→ **Assignment**:
Each record needs to be transcribed word for word, though without its pictures.

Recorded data
----------------

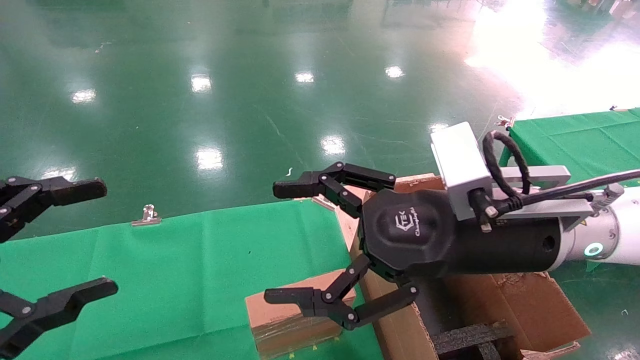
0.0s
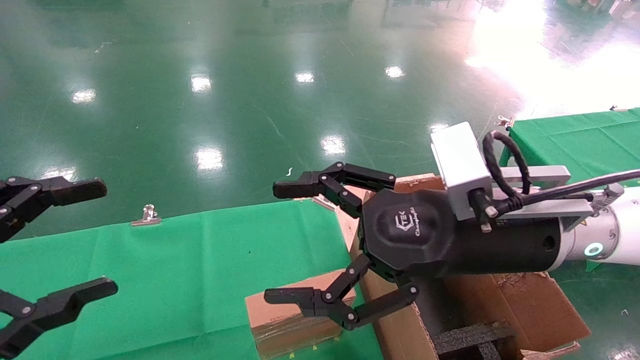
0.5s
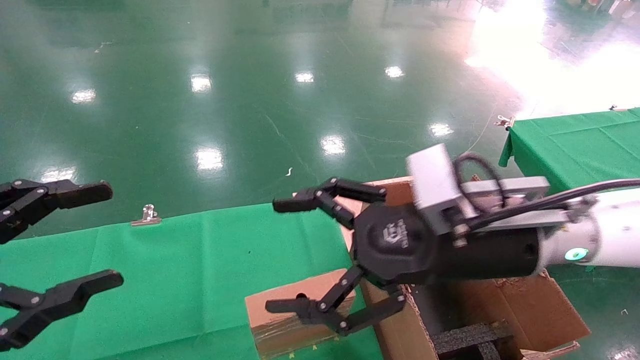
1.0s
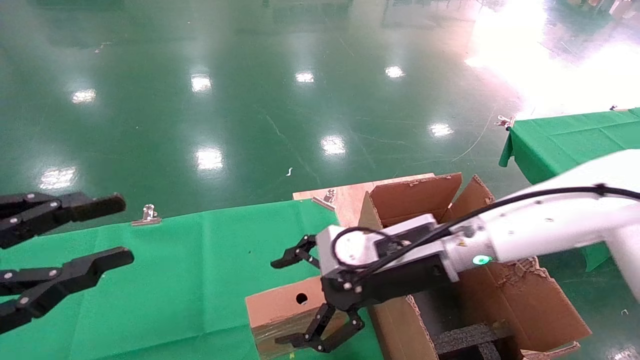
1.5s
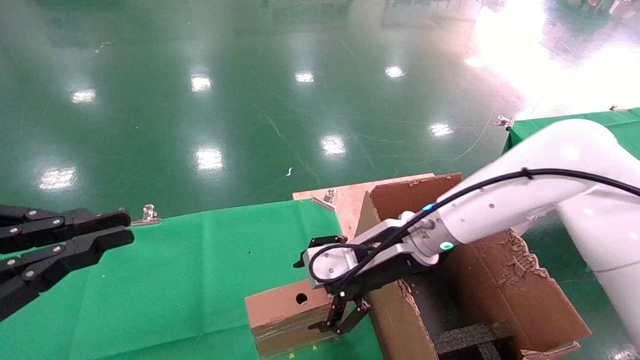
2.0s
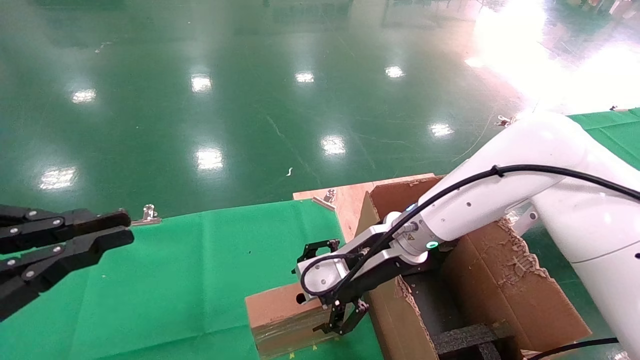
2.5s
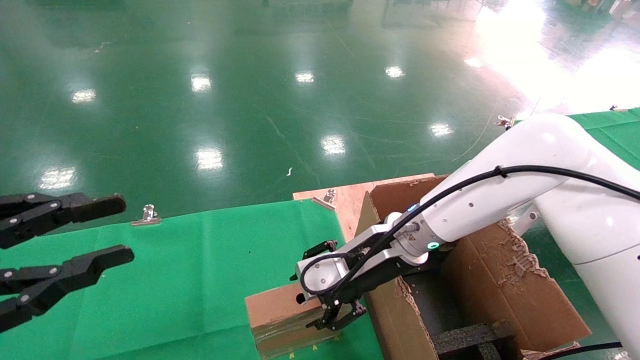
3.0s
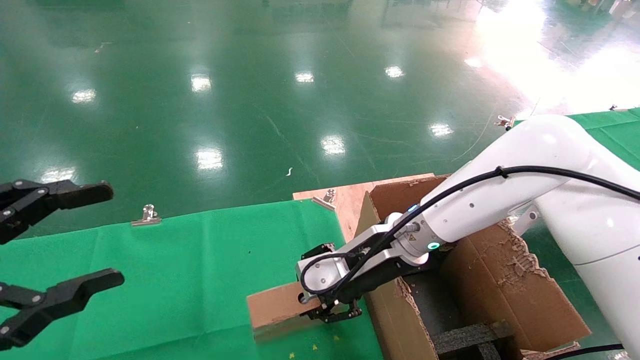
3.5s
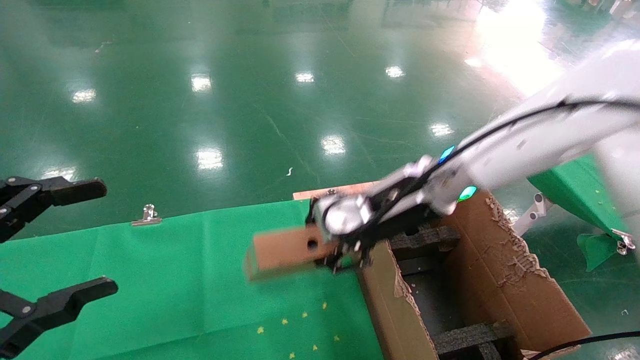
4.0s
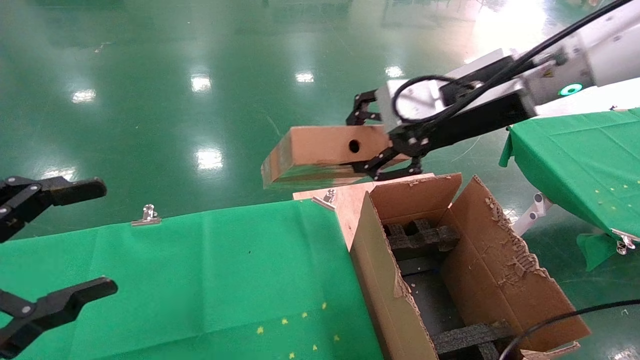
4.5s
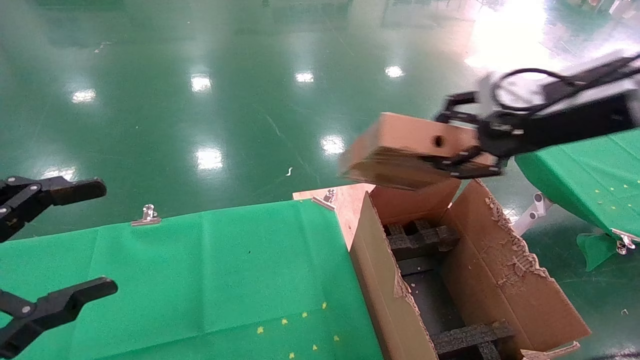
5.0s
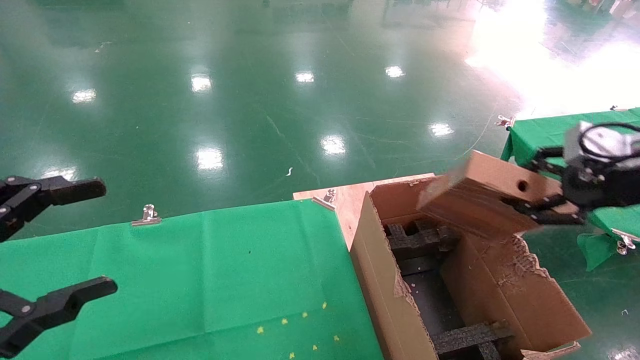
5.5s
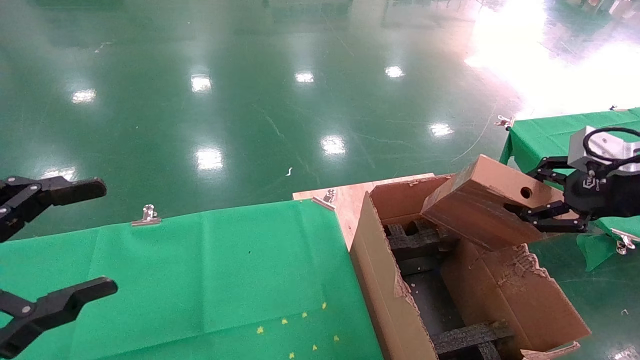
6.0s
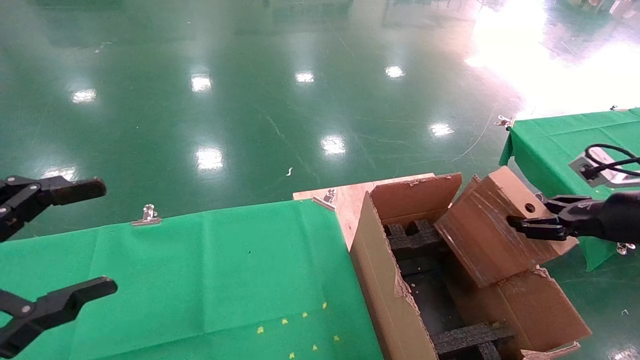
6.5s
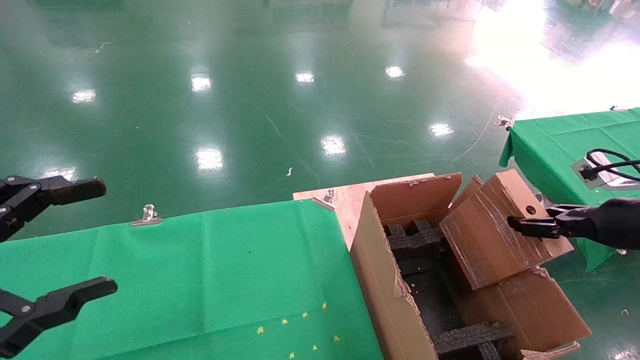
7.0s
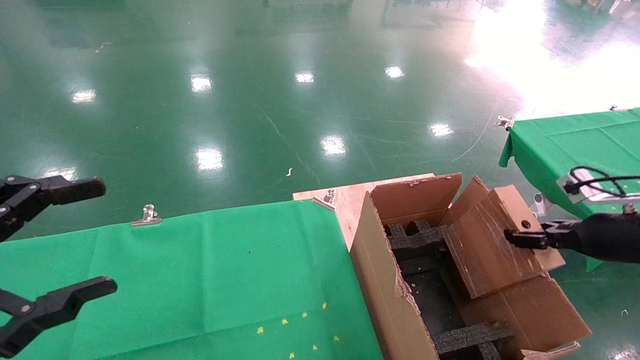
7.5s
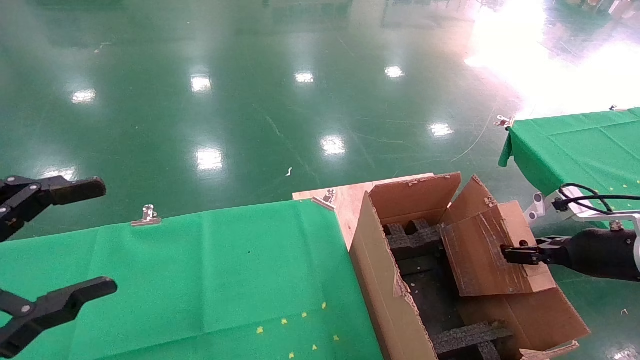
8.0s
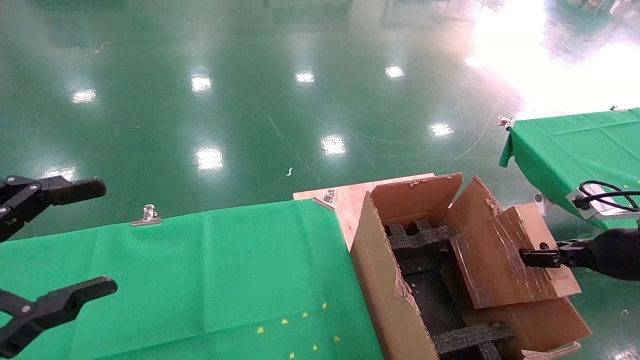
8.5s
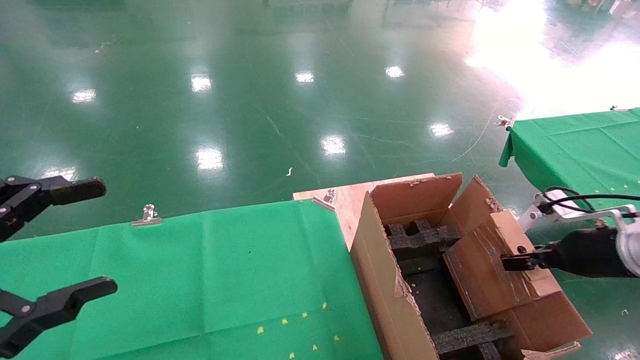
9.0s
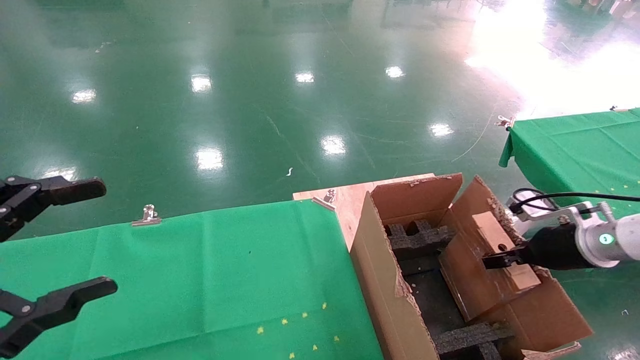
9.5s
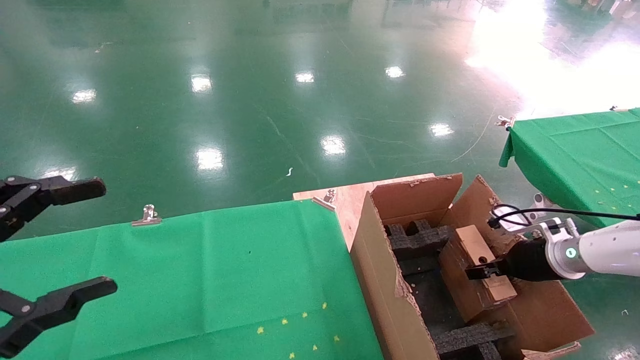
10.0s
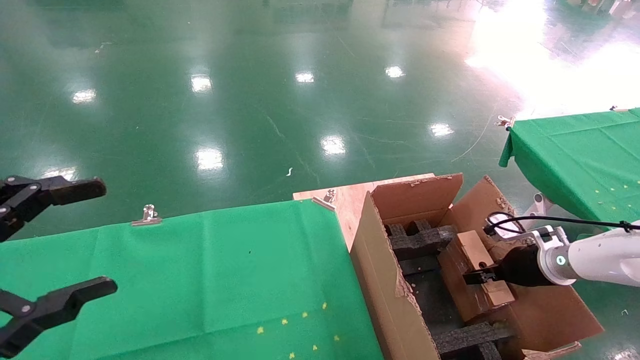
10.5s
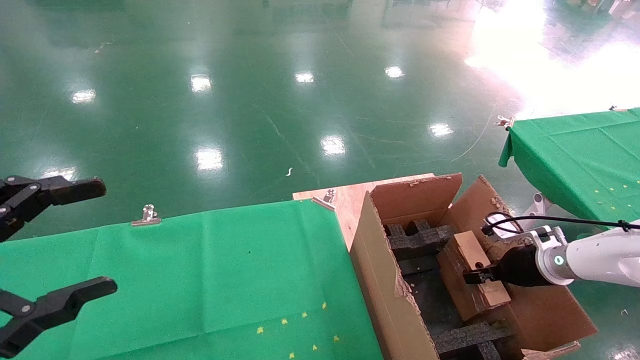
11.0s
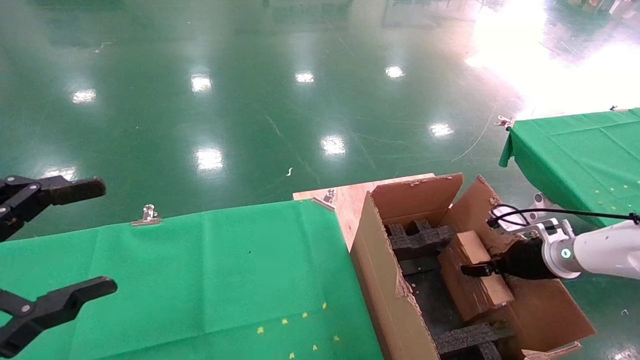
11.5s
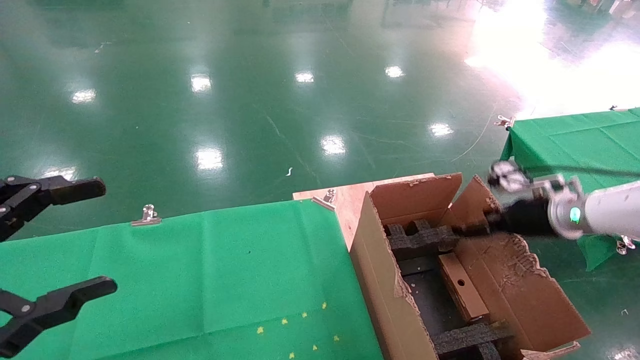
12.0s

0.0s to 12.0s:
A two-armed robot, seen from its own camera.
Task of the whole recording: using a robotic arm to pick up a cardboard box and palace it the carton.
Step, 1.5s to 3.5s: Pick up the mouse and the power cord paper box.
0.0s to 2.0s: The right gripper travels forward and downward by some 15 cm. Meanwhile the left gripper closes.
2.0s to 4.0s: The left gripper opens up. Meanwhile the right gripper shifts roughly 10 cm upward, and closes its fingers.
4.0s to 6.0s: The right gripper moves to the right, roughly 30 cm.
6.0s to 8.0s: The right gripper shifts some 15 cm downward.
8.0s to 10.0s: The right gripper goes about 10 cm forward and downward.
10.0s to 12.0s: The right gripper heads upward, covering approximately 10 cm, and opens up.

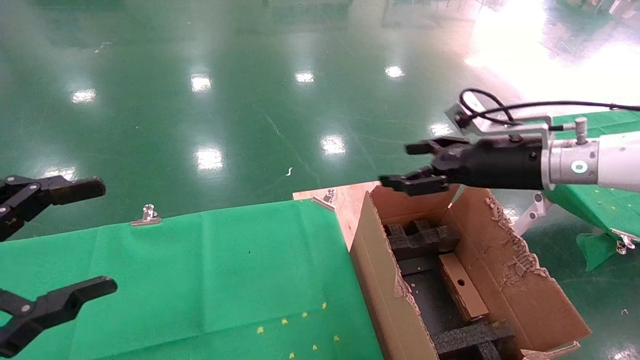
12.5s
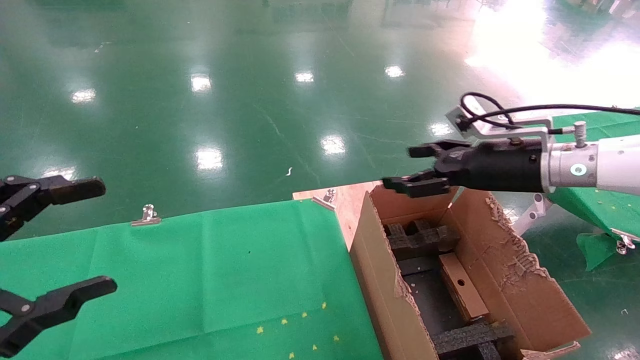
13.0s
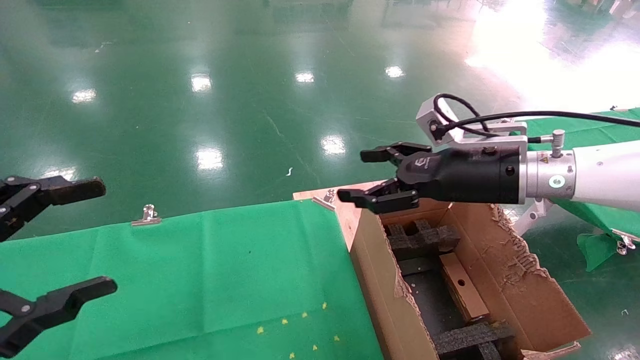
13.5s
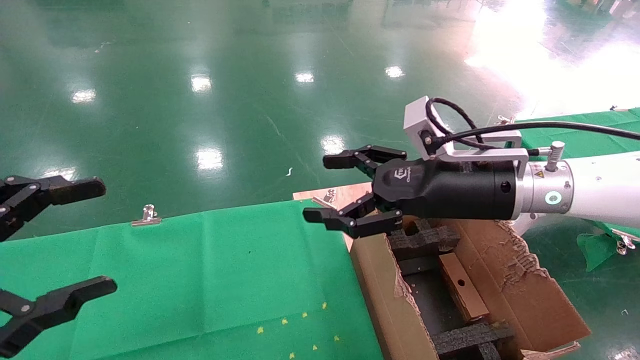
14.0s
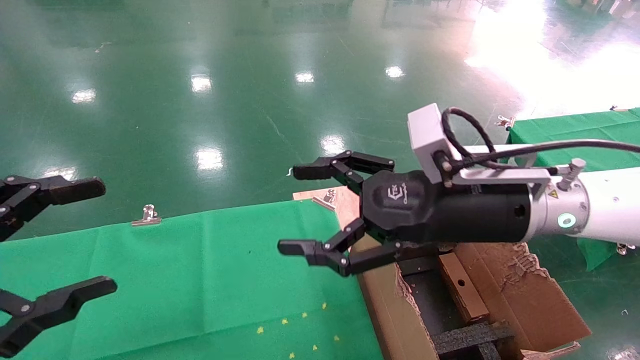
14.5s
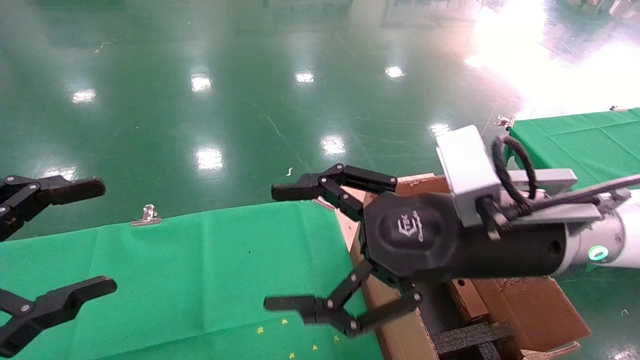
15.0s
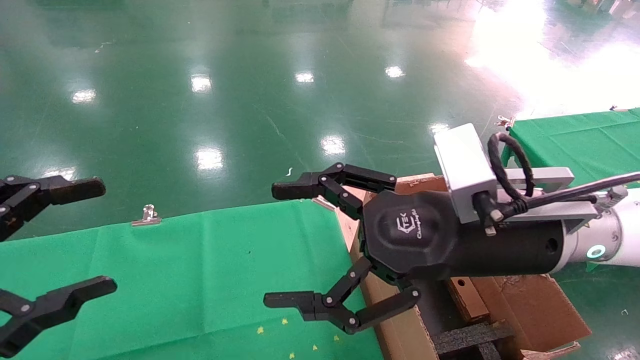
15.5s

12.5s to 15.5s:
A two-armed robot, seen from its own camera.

----------------

→ **Solution to this problem**:
0.0s
0.5s
1.0s
1.5s
2.0s
2.5s
3.0s
3.5s
4.0s
4.5s
5.0s
5.5s
6.0s
6.5s
7.0s
7.5s
8.0s
8.5s
9.0s
9.5s
10.0s
10.5s
11.0s
11.5s
12.0s

0.0s to 12.0s:
A two-armed robot, seen from its own camera.
Task of the whole recording: using a robotic arm to pick up a cardboard box and palace it the carton.
Step, 1.5s to 3.5s: Pick up the mouse and the power cord paper box.
0.0s to 2.0s: The right gripper travels forward and downward by some 15 cm. Meanwhile the left gripper closes.
2.0s to 4.0s: The left gripper opens up. Meanwhile the right gripper shifts roughly 10 cm upward, and closes its fingers.
4.0s to 6.0s: The right gripper moves to the right, roughly 30 cm.
6.0s to 8.0s: The right gripper shifts some 15 cm downward.
8.0s to 10.0s: The right gripper goes about 10 cm forward and downward.
10.0s to 12.0s: The right gripper heads upward, covering approximately 10 cm, and opens up.

12.5s
13.0s
13.5s
14.0s
14.5s
15.0s
15.5s

12.5s to 15.5s:
A two-armed robot, seen from its own camera.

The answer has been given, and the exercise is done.